How to complete this task: Write each line below back out exactly, omitting its pictures.

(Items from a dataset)

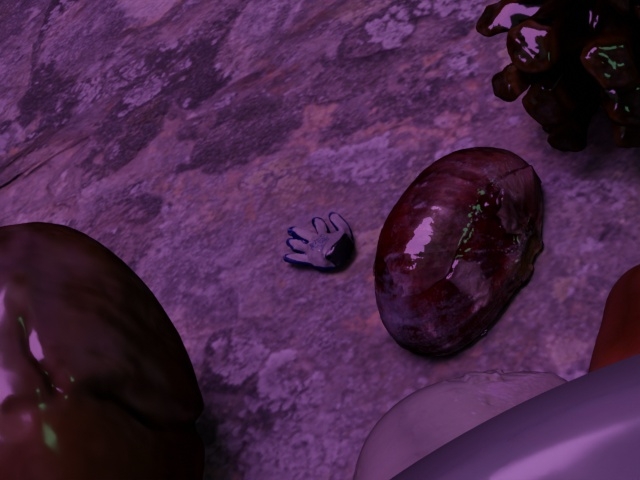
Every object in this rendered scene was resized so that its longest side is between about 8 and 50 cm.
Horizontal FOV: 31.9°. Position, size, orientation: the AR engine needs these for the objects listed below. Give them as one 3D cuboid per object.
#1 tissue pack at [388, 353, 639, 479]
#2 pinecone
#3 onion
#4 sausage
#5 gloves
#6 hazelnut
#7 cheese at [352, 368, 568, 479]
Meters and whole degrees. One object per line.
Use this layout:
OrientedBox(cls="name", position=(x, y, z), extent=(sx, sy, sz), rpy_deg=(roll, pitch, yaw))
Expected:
OrientedBox(cls="tissue pack", position=(0.165, 0.168, 0.505), extent=(0.333, 0.236, 0.229), rpy_deg=(-26, 81, 17))
OrientedBox(cls="pinecone", position=(0.232, -0.180, 0.949), extent=(0.202, 0.229, 0.201), rpy_deg=(-39, -2, -29))
OrientedBox(cls="onion", position=(0.102, -0.006, 0.963), extent=(0.151, 0.098, 0.206), rpy_deg=(1, 53, 35))
OrientedBox(cls="sausage", position=(0.230, 0.071, 0.777), extent=(0.077, 0.077, 0.194), rpy_deg=(-13, 16, 26))
OrientedBox(cls="gloves", position=(0.000, 0.000, 1.089), extent=(0.086, 0.026, 0.064), rpy_deg=(9, 56, 47))
OrientedBox(cls="hazelnut", position=(-0.240, 0.169, 0.871), extent=(0.315, 0.372, 0.372), rpy_deg=(-1, 37, -17))
OrientedBox(cls="cheese", position=(0.112, 0.173, 0.731), extent=(0.154, 0.189, 0.198), rpy_deg=(-64, 33, 21))

Exercise response:
Every object in this rendered scene was resized so that its longest side is between about 8 and 50 cm.
Horizontal FOV: 31.9°. Position, size, orientation: the AR engine needs these for the objects listed below. Give them as one 3D cuboid per object.
#1 tissue pack at [388, 353, 639, 479]
#2 pinecone
#3 onion
#4 sausage
#5 gloves
#6 hazelnut
#7 cheese at [352, 368, 568, 479]
Meters and whole degrees. One object per line.
Use this layout:
OrientedBox(cls="name", position=(x, y, z), extent=(sx, sy, sz), rpy_deg=(roll, pitch, yaw))
Expected:
OrientedBox(cls="tissue pack", position=(0.165, 0.168, 0.505), extent=(0.333, 0.236, 0.229), rpy_deg=(-26, 81, 17))
OrientedBox(cls="pinecone", position=(0.232, -0.180, 0.949), extent=(0.202, 0.229, 0.201), rpy_deg=(-39, -2, -29))
OrientedBox(cls="onion", position=(0.102, -0.006, 0.963), extent=(0.151, 0.098, 0.206), rpy_deg=(1, 53, 35))
OrientedBox(cls="sausage", position=(0.230, 0.071, 0.777), extent=(0.077, 0.077, 0.194), rpy_deg=(-13, 16, 26))
OrientedBox(cls="gloves", position=(0.000, 0.000, 1.089), extent=(0.086, 0.026, 0.064), rpy_deg=(9, 56, 47))
OrientedBox(cls="hazelnut", position=(-0.240, 0.169, 0.871), extent=(0.315, 0.372, 0.372), rpy_deg=(-1, 37, -17))
OrientedBox(cls="cheese", position=(0.112, 0.173, 0.731), extent=(0.154, 0.189, 0.198), rpy_deg=(-64, 33, 21))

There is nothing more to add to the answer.